• **What to do**: Write out the records again exactly and exclude the pictures.

Content starts

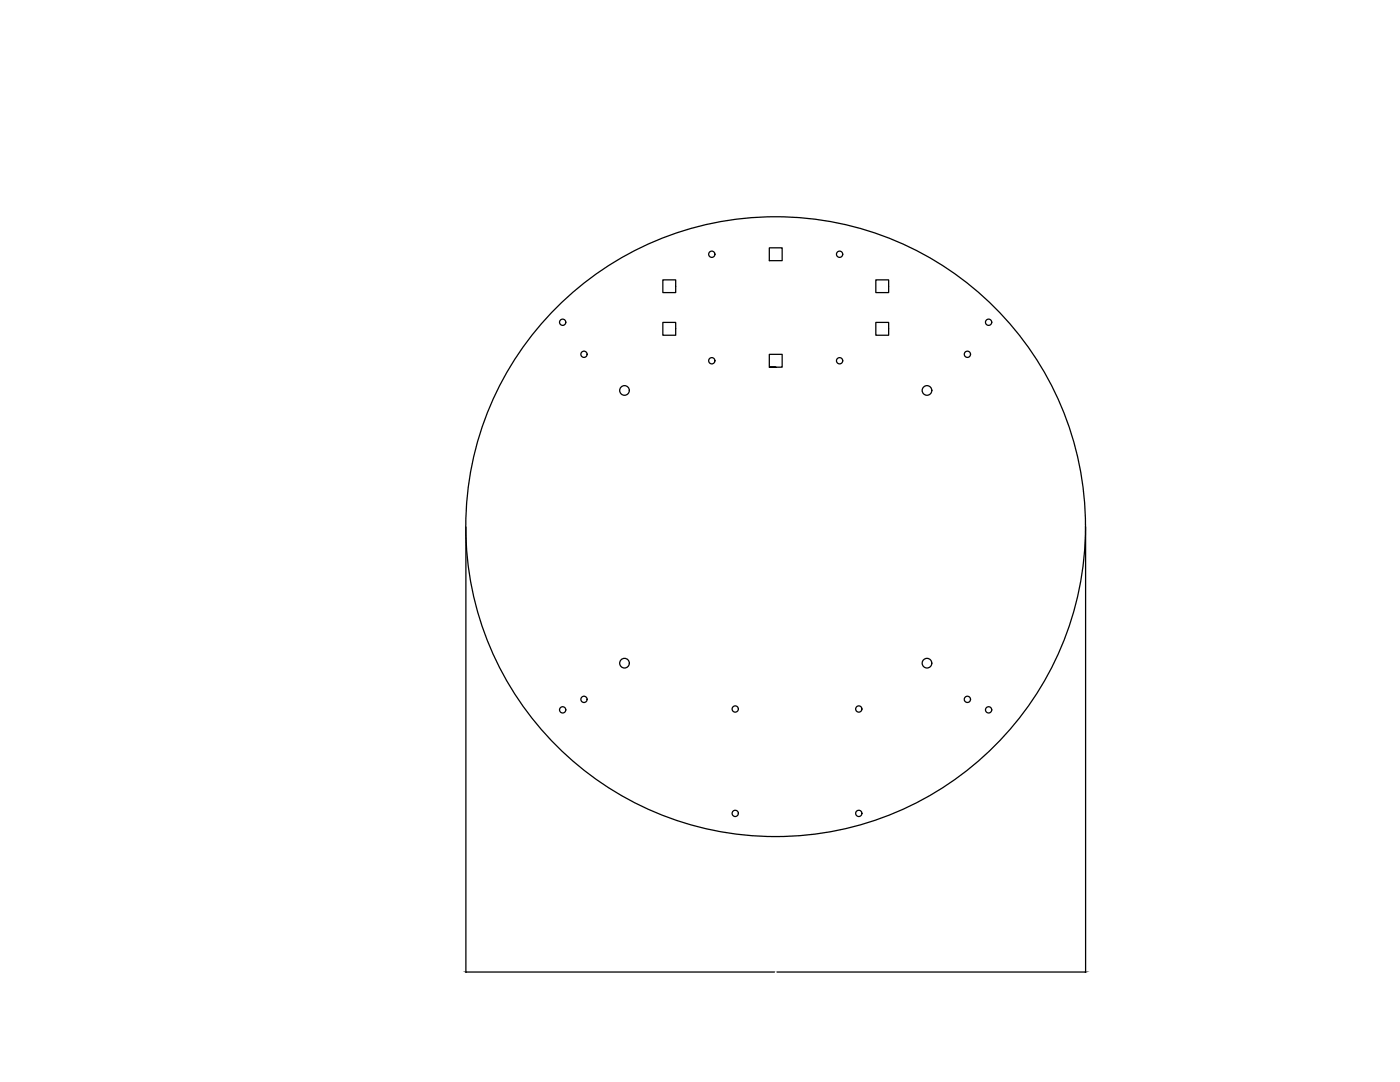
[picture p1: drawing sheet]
<svg xmlns="http://www.w3.org/2000/svg" width="279mm" height="216mm" viewBox="0 0 279 216" stroke-linecap="round" stroke-linejoin="round" font-family="sans-serif">
<!-- layer: 0 -->
<g fill="none" stroke="#000" stroke-width=".25">
<path d="M132.3 55.8h2.5v2.6h-2.5zM153.5 49.5h2.6v2.5h-2.6zM174.8 55.8h2.5v2.6h-2.5zM132.3 64.3h2.5v2.6h-2.5zM153.5 73.3h2.6v-2.6h-2.6v2.6h1.3M174.8 64.3h2.5v2.6h-2.5zM93 105.2v88.8M216.7 105.2v88.8M93 194h61.6M155.1 194h61.5"/>
<circle cx="142.1" cy="50.7" r=".62"/>
<circle cx="167.6" cy="50.7" r=".62"/>
<circle cx="112.3" cy="64.3" r=".62"/>
<circle cx="116.5" cy="70.7" r=".62"/>
<circle cx="124.6" cy="77.9" r=".96"/>
<circle cx="142.1" cy="72" r=".62"/>
<circle cx="167.6" cy="72" r=".62"/>
<circle cx="185" cy="77.9" r=".96"/>
<circle cx="193.1" cy="70.7" r=".62"/>
<circle cx="197.3" cy="64.3" r=".62"/>
<circle cx="154.8" cy="105.1" r="61.8"/>
<circle cx="116.5" cy="139.5" r=".62"/>
<circle cx="124.6" cy="132.3" r=".96"/>
<circle cx="185" cy="132.3" r=".96"/>
<circle cx="193.1" cy="139.5" r=".62"/>
<circle cx="112.3" cy="141.6" r=".62"/>
<circle cx="146.7" cy="141.5" r=".62"/>
<circle cx="171.4" cy="141.5" r=".62"/>
<circle cx="197.3" cy="141.6" r=".62"/>
<circle cx="146.7" cy="162.3" r=".62"/>
<circle cx="171.4" cy="162.3" r=".62"/>
</g>
</svg>

Content ends

• **Output**:
[picture p1: drawing sheet]
<svg xmlns="http://www.w3.org/2000/svg" width="279mm" height="216mm" viewBox="0 0 279 216" stroke-linecap="round" stroke-linejoin="round" font-family="sans-serif">
<!-- layer: 0 -->
<g fill="none" stroke="#000" stroke-width=".25">
<path d="M132.3 55.8h2.5v2.6h-2.5zM153.5 49.5h2.6v2.5h-2.6zM174.8 55.8h2.5v2.6h-2.5zM132.3 64.3h2.5v2.6h-2.5zM153.5 73.3h2.6v-2.6h-2.6v2.6h1.3M174.8 64.3h2.5v2.6h-2.5zM93 105.2v88.8M216.7 105.2v88.8M93 194h61.6M155.1 194h61.5"/>
<circle cx="142.1" cy="50.7" r=".62"/>
<circle cx="167.6" cy="50.7" r=".62"/>
<circle cx="112.3" cy="64.3" r=".62"/>
<circle cx="116.5" cy="70.7" r=".62"/>
<circle cx="124.6" cy="77.9" r=".96"/>
<circle cx="142.1" cy="72" r=".62"/>
<circle cx="167.6" cy="72" r=".62"/>
<circle cx="185" cy="77.9" r=".96"/>
<circle cx="193.1" cy="70.7" r=".62"/>
<circle cx="197.3" cy="64.3" r=".62"/>
<circle cx="154.8" cy="105.1" r="61.8"/>
<circle cx="116.5" cy="139.5" r=".62"/>
<circle cx="124.6" cy="132.3" r=".96"/>
<circle cx="185" cy="132.3" r=".96"/>
<circle cx="193.1" cy="139.5" r=".62"/>
<circle cx="112.3" cy="141.6" r=".62"/>
<circle cx="146.7" cy="141.5" r=".62"/>
<circle cx="171.4" cy="141.5" r=".62"/>
<circle cx="197.3" cy="141.6" r=".62"/>
<circle cx="146.7" cy="162.3" r=".62"/>
<circle cx="171.4" cy="162.3" r=".62"/>
</g>
</svg>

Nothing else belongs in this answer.